*** Data to use Section Begins ***
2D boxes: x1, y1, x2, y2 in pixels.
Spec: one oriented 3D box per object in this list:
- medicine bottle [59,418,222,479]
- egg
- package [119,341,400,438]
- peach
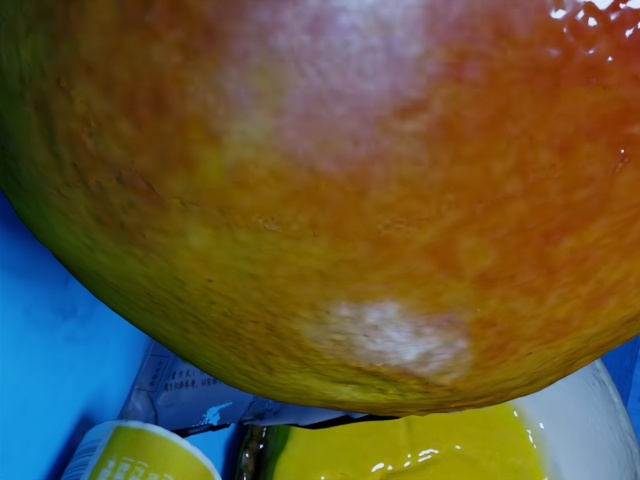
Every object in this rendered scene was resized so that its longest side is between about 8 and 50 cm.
*** Data to use Section Ends ***
Work to be completed: Give the preceding data back exactly, minus every picture.

Task output:
2D boxes: x1, y1, x2, y2 in pixels.
Spec: one oriented 3D box per object in this list:
- medicine bottle [59,418,222,479]
- egg
- package [119,341,400,438]
- peach
Every object in this rendered scene was resized so that its longest side is between about 8 and 50 cm.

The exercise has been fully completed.